Tax Planning for Parents of Children with Autism
Tax Planning for Parents of Children with Autism
This article would be useful to all families who have children with special needs.
Parents or other caregivers of loved ones with autism may qualify for valuable tax benefits, which may be overlooked by some tax preparers who are unfamiliar with the autism spectrum disorder. These unique tax benefits may entitle parents to additional refunds of thousands of dollars.
Families often incur a myriad of expenses because of their child’s treatment and life style expenses many of which are deductible as medical expenses. Taxpayers who itemize deductions can claim medical expenses to the extent that they exceed 7.5 percent of adjusted gross income .The challenge is to be aware of which expenses may be allowable and to keep track of them.
Aside from the traditionally well known medical expenses such as prescriptions, doctors and dental treatments, eyeglasses, lab and hospital tests, therapies and health insurance premiums, there are many other deductible expenses you may not readily think of.
Your physical or speech therapist may recommend certain activities, such as music lessons, gymnastics, horseback riding, swimming, or other sports activities as an adjunct to the therapy. These expenses, as well as travel to and from these activities are also deductible. Be sure to ask your therapist or doctor to write an updated note recommending the suggested activity for your tax files.
In addition, you may choose to attend workshops or informative seminars or conferences about your child’s disability and treatment. The cost of these conferences as well as travel and lodging costs ($50 per night per person) may be deductible.
If your child attends a special school, tuition costs, tutoring and educational supplies (such as software, books and videos as learning tools) which designed to educate special needs children may be deductible. Sign language instruction, speech therapy, remedial reading instruction and related books and materials in addition to transportation including parking and tolls are deductible.
The cost of diagnostic evaluations including testing by a speech-language pathologist, psychologist, neurologist, or other person with professional qualifications, may be deductible.
The cost of a patient care attendant (such as a babysitter) may also be deductible, so if you must hire someone to stay with your older child or adult child while you are out keep the receipts for these expenses.

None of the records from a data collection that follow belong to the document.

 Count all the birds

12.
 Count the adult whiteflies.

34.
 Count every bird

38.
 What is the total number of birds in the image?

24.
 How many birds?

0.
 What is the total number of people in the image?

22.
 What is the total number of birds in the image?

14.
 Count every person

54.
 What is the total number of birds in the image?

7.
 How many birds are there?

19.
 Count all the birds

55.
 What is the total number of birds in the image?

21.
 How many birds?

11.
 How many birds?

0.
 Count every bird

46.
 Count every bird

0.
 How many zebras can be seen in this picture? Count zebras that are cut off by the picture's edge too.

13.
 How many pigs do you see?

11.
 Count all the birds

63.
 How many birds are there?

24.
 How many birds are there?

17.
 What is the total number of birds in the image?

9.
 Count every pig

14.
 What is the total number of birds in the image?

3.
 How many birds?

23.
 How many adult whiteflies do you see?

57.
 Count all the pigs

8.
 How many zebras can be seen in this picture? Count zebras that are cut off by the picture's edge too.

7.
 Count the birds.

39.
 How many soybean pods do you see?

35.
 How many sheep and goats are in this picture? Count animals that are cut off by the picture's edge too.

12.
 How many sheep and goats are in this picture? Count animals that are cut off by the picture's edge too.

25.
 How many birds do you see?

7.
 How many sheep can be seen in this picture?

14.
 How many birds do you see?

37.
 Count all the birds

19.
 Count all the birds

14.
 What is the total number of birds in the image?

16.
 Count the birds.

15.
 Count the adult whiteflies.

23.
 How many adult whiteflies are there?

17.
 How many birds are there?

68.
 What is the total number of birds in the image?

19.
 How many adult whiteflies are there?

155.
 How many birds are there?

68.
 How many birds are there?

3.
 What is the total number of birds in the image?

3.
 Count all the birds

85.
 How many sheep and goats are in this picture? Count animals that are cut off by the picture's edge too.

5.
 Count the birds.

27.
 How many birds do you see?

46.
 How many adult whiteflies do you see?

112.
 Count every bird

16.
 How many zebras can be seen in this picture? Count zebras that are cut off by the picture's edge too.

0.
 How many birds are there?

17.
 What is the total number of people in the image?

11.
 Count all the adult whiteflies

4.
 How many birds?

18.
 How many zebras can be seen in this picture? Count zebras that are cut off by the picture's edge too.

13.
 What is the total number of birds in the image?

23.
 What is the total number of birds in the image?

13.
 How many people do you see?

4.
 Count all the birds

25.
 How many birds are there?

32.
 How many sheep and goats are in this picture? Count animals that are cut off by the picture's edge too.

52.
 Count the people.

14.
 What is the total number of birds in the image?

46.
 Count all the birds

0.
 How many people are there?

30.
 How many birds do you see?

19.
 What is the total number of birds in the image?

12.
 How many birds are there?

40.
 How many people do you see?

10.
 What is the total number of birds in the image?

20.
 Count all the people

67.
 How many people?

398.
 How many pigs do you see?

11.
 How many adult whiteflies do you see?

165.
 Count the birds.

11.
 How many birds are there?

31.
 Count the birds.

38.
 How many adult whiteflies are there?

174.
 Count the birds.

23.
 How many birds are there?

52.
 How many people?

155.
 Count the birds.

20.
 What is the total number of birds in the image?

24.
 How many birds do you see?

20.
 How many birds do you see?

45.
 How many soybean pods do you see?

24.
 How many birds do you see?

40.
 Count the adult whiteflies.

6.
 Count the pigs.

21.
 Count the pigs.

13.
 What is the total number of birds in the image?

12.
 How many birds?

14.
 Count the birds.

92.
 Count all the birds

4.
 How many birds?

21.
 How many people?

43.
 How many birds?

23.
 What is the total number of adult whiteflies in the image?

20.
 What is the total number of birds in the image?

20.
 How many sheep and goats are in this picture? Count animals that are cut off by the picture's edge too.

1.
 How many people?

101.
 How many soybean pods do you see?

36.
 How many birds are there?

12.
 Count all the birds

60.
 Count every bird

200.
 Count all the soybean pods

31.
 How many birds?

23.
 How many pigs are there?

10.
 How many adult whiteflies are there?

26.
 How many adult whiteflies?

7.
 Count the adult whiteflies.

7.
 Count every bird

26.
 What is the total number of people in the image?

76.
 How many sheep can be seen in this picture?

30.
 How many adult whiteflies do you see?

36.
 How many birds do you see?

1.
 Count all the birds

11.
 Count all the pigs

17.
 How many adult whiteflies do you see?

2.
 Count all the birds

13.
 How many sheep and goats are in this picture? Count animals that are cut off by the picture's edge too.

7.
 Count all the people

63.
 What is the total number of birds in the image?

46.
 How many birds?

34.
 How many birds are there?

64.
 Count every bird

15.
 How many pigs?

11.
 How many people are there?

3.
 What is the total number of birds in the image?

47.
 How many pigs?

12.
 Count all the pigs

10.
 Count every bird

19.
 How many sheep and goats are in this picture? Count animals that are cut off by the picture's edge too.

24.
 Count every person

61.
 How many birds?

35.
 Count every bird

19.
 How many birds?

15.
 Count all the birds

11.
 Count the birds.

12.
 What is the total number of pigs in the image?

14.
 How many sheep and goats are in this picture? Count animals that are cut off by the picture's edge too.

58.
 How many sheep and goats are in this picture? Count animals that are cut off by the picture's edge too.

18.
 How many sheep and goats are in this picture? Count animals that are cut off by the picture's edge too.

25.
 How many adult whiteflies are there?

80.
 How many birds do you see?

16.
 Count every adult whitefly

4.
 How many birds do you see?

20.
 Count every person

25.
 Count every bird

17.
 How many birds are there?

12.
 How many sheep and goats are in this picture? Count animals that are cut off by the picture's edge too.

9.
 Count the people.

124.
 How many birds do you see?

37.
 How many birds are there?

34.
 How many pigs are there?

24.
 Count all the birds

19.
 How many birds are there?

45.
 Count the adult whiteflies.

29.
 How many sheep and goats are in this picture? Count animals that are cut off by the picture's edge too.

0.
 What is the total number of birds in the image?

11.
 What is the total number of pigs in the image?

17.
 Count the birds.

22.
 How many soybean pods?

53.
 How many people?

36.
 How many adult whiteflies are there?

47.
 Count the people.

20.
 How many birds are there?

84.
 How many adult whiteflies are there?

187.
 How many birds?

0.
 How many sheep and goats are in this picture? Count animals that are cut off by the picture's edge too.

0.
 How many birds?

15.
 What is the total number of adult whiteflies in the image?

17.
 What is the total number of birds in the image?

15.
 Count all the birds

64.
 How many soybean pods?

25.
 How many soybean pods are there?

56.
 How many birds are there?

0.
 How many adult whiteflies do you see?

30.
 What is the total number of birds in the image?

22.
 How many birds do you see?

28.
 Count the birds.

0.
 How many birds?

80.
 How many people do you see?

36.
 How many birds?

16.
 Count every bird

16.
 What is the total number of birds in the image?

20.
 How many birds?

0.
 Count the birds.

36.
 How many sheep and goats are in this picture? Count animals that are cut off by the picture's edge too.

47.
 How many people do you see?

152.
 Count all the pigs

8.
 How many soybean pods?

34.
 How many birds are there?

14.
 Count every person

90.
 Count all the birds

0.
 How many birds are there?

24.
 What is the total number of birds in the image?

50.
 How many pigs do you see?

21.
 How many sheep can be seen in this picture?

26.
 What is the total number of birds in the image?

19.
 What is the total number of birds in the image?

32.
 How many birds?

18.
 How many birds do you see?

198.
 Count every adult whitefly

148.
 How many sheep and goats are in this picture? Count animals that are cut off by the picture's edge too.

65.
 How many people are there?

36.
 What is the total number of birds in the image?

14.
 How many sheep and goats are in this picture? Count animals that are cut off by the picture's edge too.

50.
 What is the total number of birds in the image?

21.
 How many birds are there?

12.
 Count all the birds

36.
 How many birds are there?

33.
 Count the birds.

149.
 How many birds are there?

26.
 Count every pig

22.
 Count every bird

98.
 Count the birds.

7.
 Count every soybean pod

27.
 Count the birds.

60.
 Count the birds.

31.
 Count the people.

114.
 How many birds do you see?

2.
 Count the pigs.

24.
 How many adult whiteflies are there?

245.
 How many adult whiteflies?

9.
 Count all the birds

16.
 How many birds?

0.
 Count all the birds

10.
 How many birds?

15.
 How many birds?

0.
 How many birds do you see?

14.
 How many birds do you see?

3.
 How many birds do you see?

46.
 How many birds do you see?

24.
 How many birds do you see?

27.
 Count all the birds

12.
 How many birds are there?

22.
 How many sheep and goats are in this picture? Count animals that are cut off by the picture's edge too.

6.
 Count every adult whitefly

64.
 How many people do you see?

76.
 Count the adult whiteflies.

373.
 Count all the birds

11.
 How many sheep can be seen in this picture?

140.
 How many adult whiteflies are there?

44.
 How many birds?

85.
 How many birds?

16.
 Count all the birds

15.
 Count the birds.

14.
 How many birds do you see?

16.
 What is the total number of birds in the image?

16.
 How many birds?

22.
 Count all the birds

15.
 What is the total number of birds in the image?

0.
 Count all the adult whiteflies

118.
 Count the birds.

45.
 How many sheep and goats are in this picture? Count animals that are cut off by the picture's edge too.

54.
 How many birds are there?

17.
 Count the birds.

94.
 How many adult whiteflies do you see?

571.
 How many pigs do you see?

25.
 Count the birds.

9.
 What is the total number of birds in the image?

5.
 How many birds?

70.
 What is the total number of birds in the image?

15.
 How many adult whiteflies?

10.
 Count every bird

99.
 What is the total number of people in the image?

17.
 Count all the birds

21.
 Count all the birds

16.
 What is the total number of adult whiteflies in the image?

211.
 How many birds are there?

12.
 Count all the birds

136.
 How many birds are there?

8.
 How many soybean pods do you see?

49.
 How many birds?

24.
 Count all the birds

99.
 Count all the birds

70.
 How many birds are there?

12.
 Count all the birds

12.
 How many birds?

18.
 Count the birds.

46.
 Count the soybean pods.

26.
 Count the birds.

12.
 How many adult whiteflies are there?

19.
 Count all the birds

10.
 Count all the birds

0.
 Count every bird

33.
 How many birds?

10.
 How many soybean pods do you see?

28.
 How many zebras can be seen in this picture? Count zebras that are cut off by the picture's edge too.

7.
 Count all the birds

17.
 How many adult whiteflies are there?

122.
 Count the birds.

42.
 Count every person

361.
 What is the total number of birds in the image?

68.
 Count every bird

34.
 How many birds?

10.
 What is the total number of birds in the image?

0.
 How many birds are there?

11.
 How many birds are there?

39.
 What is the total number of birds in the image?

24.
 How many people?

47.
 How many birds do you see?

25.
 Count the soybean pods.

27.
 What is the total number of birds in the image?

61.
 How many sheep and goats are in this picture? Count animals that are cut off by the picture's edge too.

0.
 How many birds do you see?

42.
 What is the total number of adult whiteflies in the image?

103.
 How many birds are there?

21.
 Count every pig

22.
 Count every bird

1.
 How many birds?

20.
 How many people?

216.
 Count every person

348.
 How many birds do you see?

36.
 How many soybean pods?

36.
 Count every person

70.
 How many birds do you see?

A capital expenditure, such as a home improvement or upgrade to make a home or auto accessible, qualifies as a medical expense if it has as its primary purpose the medical care of the disabled child but only to the extent that it exceeds any increase in property value. Therefore, as an example, the partial cost of a home generator, if your child has an underlying health condition, (such as asthma) may be considered a qualified medical expense.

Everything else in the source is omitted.